The Lake Liberty Project

When: 1979
Where: University of Wisconsin

1979 was a year of radical political change. In Britain, Margaret Thatcher’s reformist Conservative government was elected to lead Britain, for better or worse, into a new era.

Meanwhile, on the other side of the pond, the University of Wisconsin was experiencing its own kind of political revolution, with the student government being taken over by the now infamous Pail & Shovel Party, whose radical platform consisted mostly of using the student government’s budget on outlandish pranks.

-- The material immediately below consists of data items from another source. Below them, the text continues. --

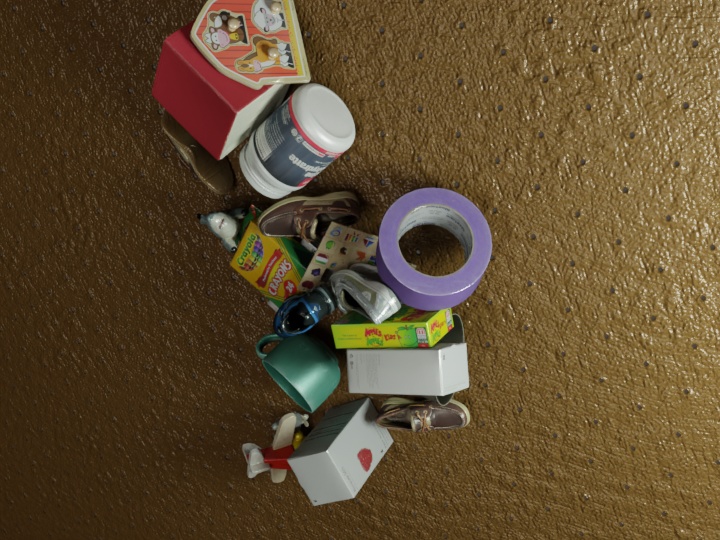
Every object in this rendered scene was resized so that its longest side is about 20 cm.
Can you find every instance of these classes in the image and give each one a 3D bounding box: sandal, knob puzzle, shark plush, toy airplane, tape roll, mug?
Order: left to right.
[{"bbox_3d":[-0.296,-0.109,1.769,0.083,0.200,0.092,17,101,-24],"label":"shark plush"},{"bbox_3d":[-0.193,-0.408,1.477,0.220,0.219,0.030,49,153,-2],"label":"knob puzzle"},{"bbox_3d":[-0.171,0.402,1.951,0.199,0.142,0.199,-29,131,23],"label":"toy airplane"},{"bbox_3d":[-0.126,0.194,1.814,0.185,0.114,0.152,48,163,-4],"label":"mug"},{"bbox_3d":[0.076,0.029,1.625,0.205,0.059,0.080,24,118,17],"label":"sandal"},{"bbox_3d":[0.127,-0.037,1.511,0.199,0.201,0.085,35,162,9],"label":"tape roll"}]

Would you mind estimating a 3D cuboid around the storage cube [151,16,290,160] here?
[{"bbox_3d":[-0.247,-0.345,1.560,0.180,0.171,0.200,44,150,2],"label":"storage cube"}]

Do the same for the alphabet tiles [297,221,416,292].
[{"bbox_3d":[0.000,0.000,1.654,0.198,0.008,0.168,17,123,-21],"label":"alphabet tiles"}]

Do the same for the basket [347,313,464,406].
[{"bbox_3d":[0.086,0.157,1.686,0.198,0.136,0.183,9,105,30],"label":"basket"}]

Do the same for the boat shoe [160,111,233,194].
[{"bbox_3d":[-0.340,-0.239,1.770,0.200,0.072,0.072,48,159,-13],"label":"boat shoe"}]

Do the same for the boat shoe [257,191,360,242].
[{"bbox_3d":[-0.096,-0.094,1.629,0.198,0.072,0.073,-10,134,-3],"label":"boat shoe"}]

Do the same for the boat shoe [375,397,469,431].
[{"bbox_3d":[0.123,0.303,1.753,0.198,0.072,0.073,1,115,28],"label":"boat shoe"}]

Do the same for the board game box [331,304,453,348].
[{"bbox_3d":[0.058,0.101,1.565,0.198,0.101,0.048,-4,105,32],"label":"board game box"}]

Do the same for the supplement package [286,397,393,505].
[{"bbox_3d":[-0.040,0.384,1.828,0.119,0.200,0.122,-21,104,36],"label":"supplement package"}]

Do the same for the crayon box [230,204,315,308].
[{"bbox_3d":[-0.179,-0.020,1.720,0.200,0.051,0.127,40,127,11],"label":"crayon box"}]

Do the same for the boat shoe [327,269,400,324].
[{"bbox_3d":[-0.007,0.051,1.571,0.201,0.065,0.075,20,147,52],"label":"boat shoe"}]

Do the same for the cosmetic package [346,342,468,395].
[{"bbox_3d":[0.084,0.175,1.549,0.198,0.107,0.086,-2,90,35],"label":"cosmetic package"}]

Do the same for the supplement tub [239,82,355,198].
[{"bbox_3d":[-0.118,-0.236,1.589,0.199,0.140,0.141,-35,95,37],"label":"supplement tub"}]

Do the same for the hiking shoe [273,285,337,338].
[{"bbox_3d":[-0.129,0.088,1.639,0.075,0.086,0.200,54,142,1],"label":"hiking shoe"}]

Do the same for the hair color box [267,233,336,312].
[{"bbox_3d":[-0.105,0.022,1.765,0.101,0.061,0.201,39,128,8],"label":"hair color box"}]
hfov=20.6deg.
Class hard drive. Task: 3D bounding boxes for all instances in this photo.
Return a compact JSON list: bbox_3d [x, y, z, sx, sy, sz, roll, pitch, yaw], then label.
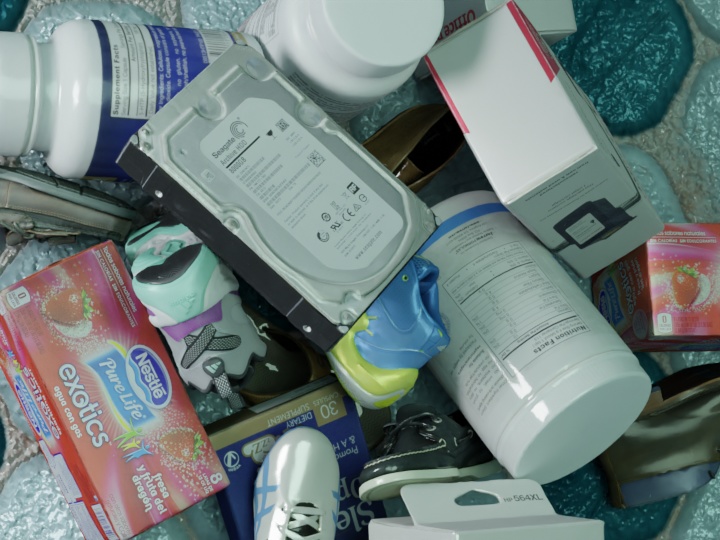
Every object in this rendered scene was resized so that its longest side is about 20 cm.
[{"bbox_3d":[-0.054,-0.056,1.388,0.200,0.038,0.140,42,51,1],"label":"hard drive"}]

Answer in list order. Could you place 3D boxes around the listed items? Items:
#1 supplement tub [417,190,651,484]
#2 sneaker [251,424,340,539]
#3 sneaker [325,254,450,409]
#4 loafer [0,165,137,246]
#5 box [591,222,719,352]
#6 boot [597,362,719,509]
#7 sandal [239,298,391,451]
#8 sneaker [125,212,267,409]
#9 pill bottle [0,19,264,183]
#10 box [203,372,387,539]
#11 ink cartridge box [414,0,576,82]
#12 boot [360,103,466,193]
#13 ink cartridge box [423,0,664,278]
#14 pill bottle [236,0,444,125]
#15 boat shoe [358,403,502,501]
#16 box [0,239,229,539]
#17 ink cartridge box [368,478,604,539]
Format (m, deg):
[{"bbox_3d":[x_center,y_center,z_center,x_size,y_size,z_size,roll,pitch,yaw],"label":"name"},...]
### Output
[{"bbox_3d":[0.113,0.049,1.507,0.132,0.132,0.200,-24,61,-23],"label":"supplement tub"},{"bbox_3d":[-0.047,0.213,1.427,0.072,0.072,0.200,9,91,-26],"label":"sneaker"},{"bbox_3d":[0.000,0.000,1.475,0.105,0.076,0.200,-33,74,9],"label":"sneaker"},{"bbox_3d":[-0.267,-0.048,1.457,0.200,0.072,0.063,17,95,-11],"label":"loafer"},{"bbox_3d":[0.302,0.016,1.645,0.200,0.103,0.095,0,79,-20],"label":"box"},{"bbox_3d":[0.280,0.132,1.640,0.200,0.075,0.097,-10,96,-16],"label":"boot"},{"bbox_3d":[-0.060,0.074,1.515,0.200,0.055,0.082,41,69,-10],"label":"sandal"},{"bbox_3d":[-0.113,0.035,1.444,0.078,0.200,0.140,-21,108,7],"label":"sneaker"},{"bbox_3d":[-0.179,-0.125,1.468,0.200,0.120,0.120,2,80,-21],"label":"pill bottle"},{"bbox_3d":[-0.039,0.191,1.487,0.121,0.032,0.200,-22,106,-24],"label":"box"},{"bbox_3d":[0.091,-0.265,1.586,0.084,0.145,0.200,-6,84,-23],"label":"ink cartridge box"},{"bbox_3d":[0.009,-0.065,1.556,0.200,0.075,0.074,-45,103,-18],"label":"boot"},{"bbox_3d":[0.143,-0.095,1.515,0.084,0.200,0.145,-32,64,11],"label":"ink cartridge box"},{"bbox_3d":[-0.019,-0.174,1.496,0.113,0.200,0.114,4,80,-21],"label":"pill bottle"},{"bbox_3d":[0.049,0.132,1.495,0.199,0.074,0.066,1,73,-60],"label":"boat shoe"},{"bbox_3d":[-0.189,0.091,1.436,0.095,0.100,0.200,-26,91,-24],"label":"box"},{"bbox_3d":[0.090,0.251,1.407,0.128,0.125,0.200,-1,88,-28],"label":"ink cartridge box"}]

The magnum opus of these madcap, political radicals was the installation the head and right arm of a fake Statue of Liberty on frozen Lake Mendota during the extreme weather conditions of that year. The off the wall nature of the idea and the sheer level of determination that went into it, not to mention the fact they seemed to have eerily foreshadowed the plot of The Day After Tomorrow twenty years early means it earns a rightful place on our list.

The Boulder-dash

When: 1960s (at some point)
Where: University of Leicester

This prank, which occurred sometime during the 60s at College Hall, University of Leicester, proved so infamous (or difficult to remove) that it’s been commemorated with its own memorial plaque.

During renovations to College Hall the University rediscovered the large boulder which had at some point been rolled into the courtyard by a number of male students and thrown into a pond.

The boulder has remained in place ever since, even when the pond was in-filled and planted during the 90s.

To commemorate the prank, the redevelopment will not result in any movement of the boulder, and a plaque will be installed celebrating the boulder’s history.

Reasons for the prank remain sketchy, but it’s suspected as College Hall was all-male at the time it may have been a result of a particularly escalated show of machismo.